Each bio or review field comes back with realistic frustration, specific complaints, edge-case formatting (ALL CAPS, emoji, long rants). This is the kind of data that catches bugs in text processing, truncation, rendering, and content moderation — bugs that "Lorem ipsum" never finds.

pytest Integration

In conftest.py:

from fixtureforge import forge_fixture
from myapp.models import User, Order

forge_fixture(User, count=50)
forge_fixture(Order, count=200)

In your tests:

def test_users_have_emails(users):
    assert all(u.email for u in users)

def test_order_count(orders):
    assert len(orders) == 200

The forge fixture is auto-available.
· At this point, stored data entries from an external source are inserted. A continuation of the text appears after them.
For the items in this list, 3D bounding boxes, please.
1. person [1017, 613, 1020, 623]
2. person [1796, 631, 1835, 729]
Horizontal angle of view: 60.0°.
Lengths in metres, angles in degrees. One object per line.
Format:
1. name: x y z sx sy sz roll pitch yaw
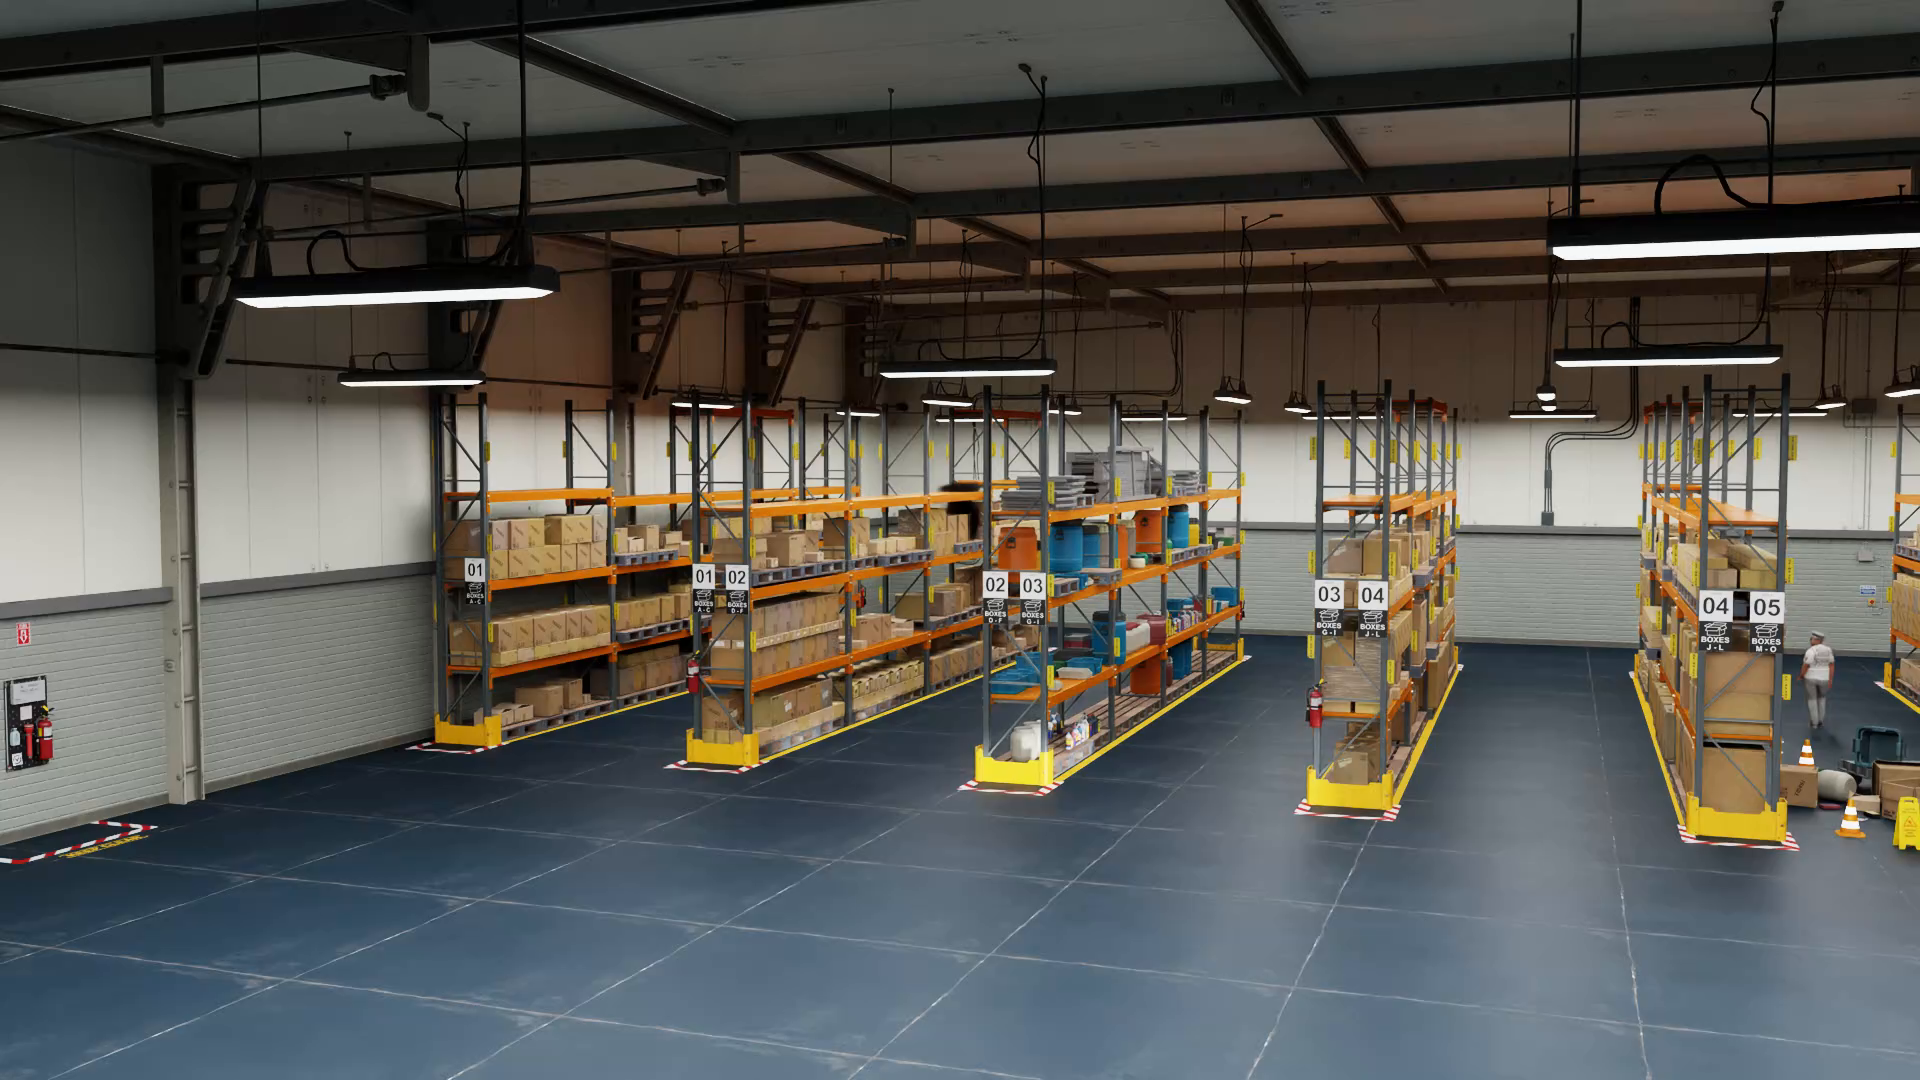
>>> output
1. person: 1.765 1.873 43.397 0.528 1.649 0.522 -1 3 -18
2. person: 15.396 2.531 29.920 0.617 1.807 0.683 1 3 14
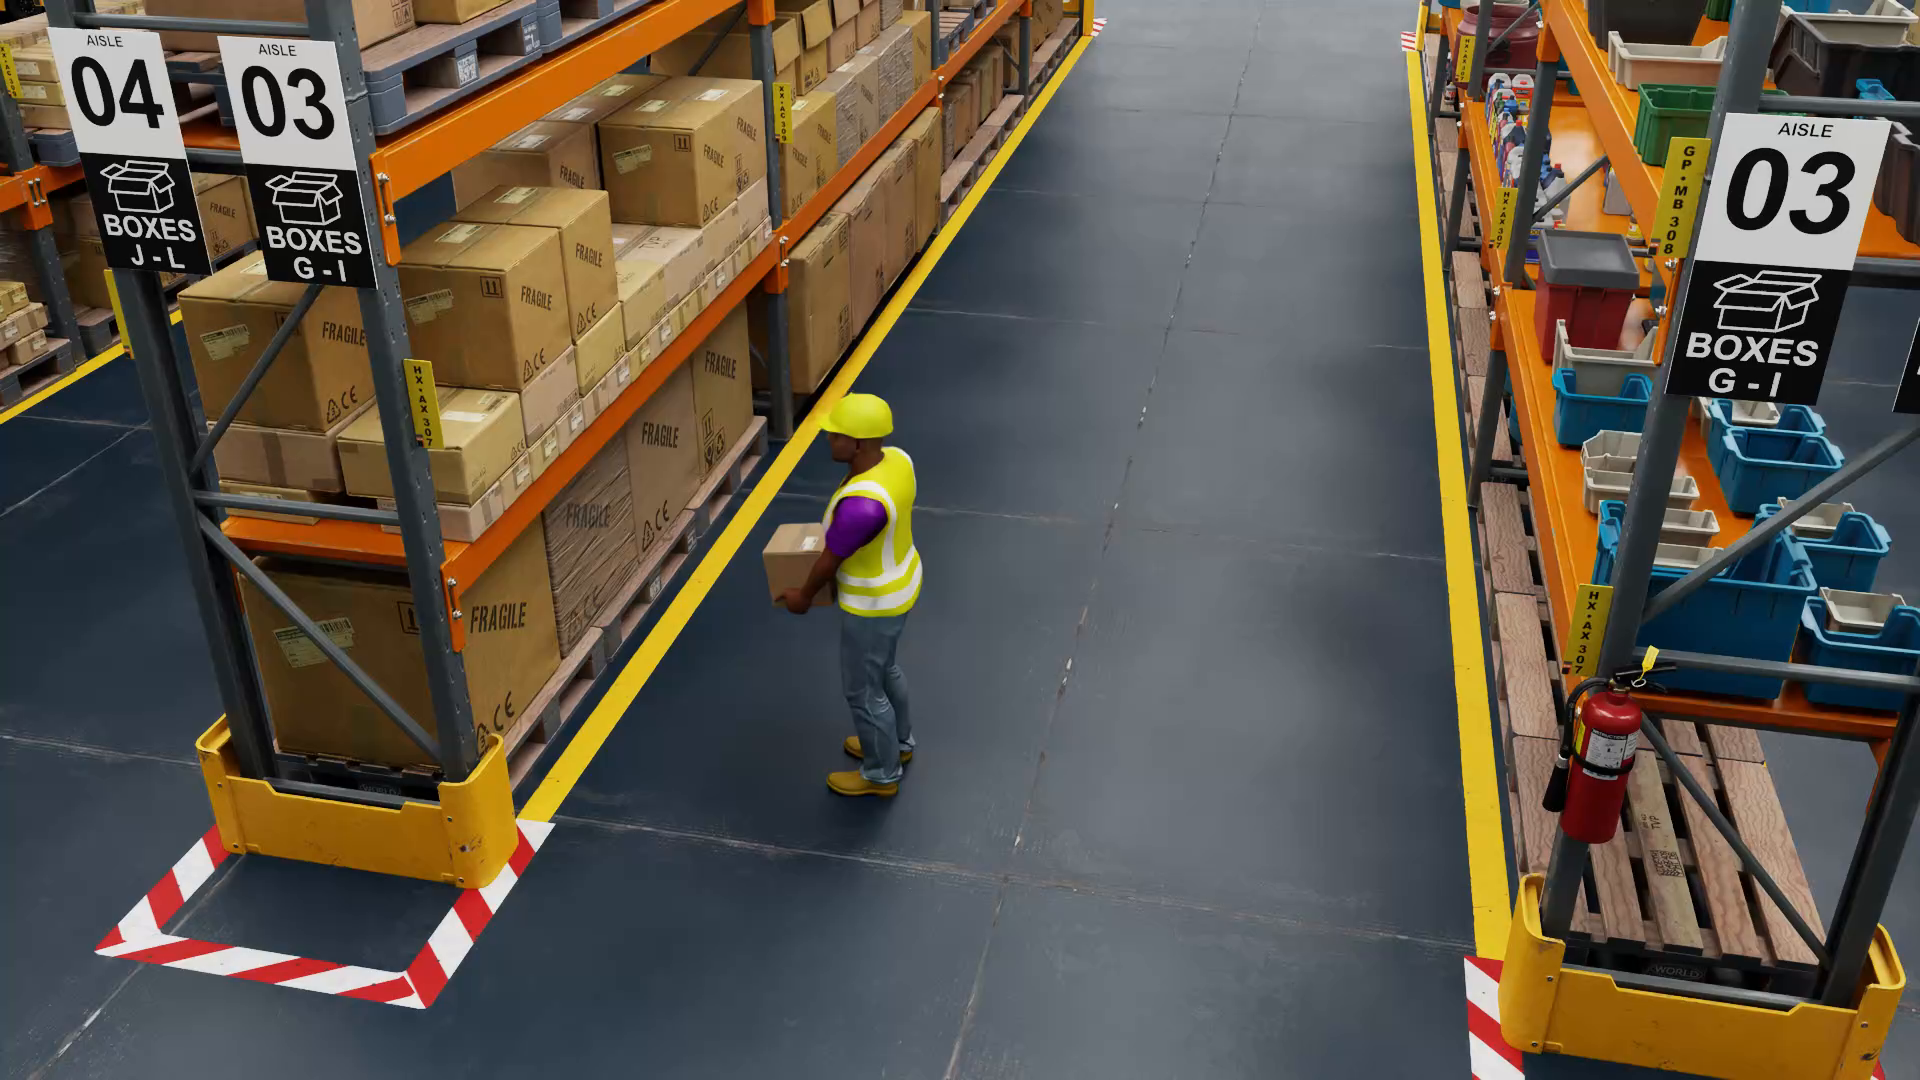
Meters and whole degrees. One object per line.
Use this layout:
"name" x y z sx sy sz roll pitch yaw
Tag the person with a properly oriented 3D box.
"person" -0.444 0.219 6.702 0.567 1.762 0.505 5 29 10

No factory classes to maintain, no fixture files to update.

When You Should NOT Use This

I want to be honest about the limitations:

Don't use FixtureForge if:

Your tests only need IDs and emails — Faker alone is sufficient and simpler
You're in a strict air-gapped environment with no API access — CI mode works, but you lose the AI-generated quality
Your test data needs to match a specific production database schema exactly — use database dumps or migrations instead

Do use FixtureForge if:

You need realistic text content (bios, reviews, descriptions) at scale
You want to test edge cases in text processing without writing them by hand
You need deterministic CI with realistic dev-time data from one tool
You're tired of maintaining factory_boy factory classes for every model change

How It Compares

	FixtureForge	factory_boy	faker	hypothesis
AI-generated content	Yes	No	No	No
Deterministic seed	Yes	Yes	Yes	Yes
FK relationships	Auto	Manual	No	No
pytest plugin	Yes	Via pytest-factoryboy	No	Yes
Large datasets (100k+)	Yes	Manual loops	Manual loops	No
Zero config	Yes	Factory classes needed	Provider setup	Strategy setup

FixtureForge isn't a replacement for Faker — it uses Faker internally. It's the layer between "I need data" and "I need it to feel real."

Try It

pip install fixtureforge

GitHub: Yaniv2809/fixtureforge
Docs: yaniv2809.github.io/fixtureforge

If you've built something similar or have opinions on AI-generated test data vs traditional fixtures, I'd like to hear about it.

Yaniv Metuku (yaniv2809) — QA Automation Engineer. Also building Financial-Integrity-Ecosystem and Failscope.

Top comments (2)

AI Bug Slayer 🐞 • Apr 18

Smart approach — using Faker for deterministic fields and AI only for semantic/complex ones keeps costs low while still making test data feel realistic. The batching strategy is clever.

Yaniv • Apr 20

Thanks! The batching was actually the hardest part to get right. The naive approach (one API call per record per field) made 50 users cost 100 calls — completely impractical. The trick was restructuring the prompt to ask for a JSON array of all values at once, so 50 bios = 1 call regardless of count.
The next thing I want to improve is caching — if you generate 50 users today and 50 tomorrow with the same context, the AI calls repeat unnecessarily. Thinking about hashing the context + model schema as a cache key so repeated runs in dev skip the API entirely.
Have you tried any AI-based data generation in your workflow, or mostly sticking with Faker/factory_boy?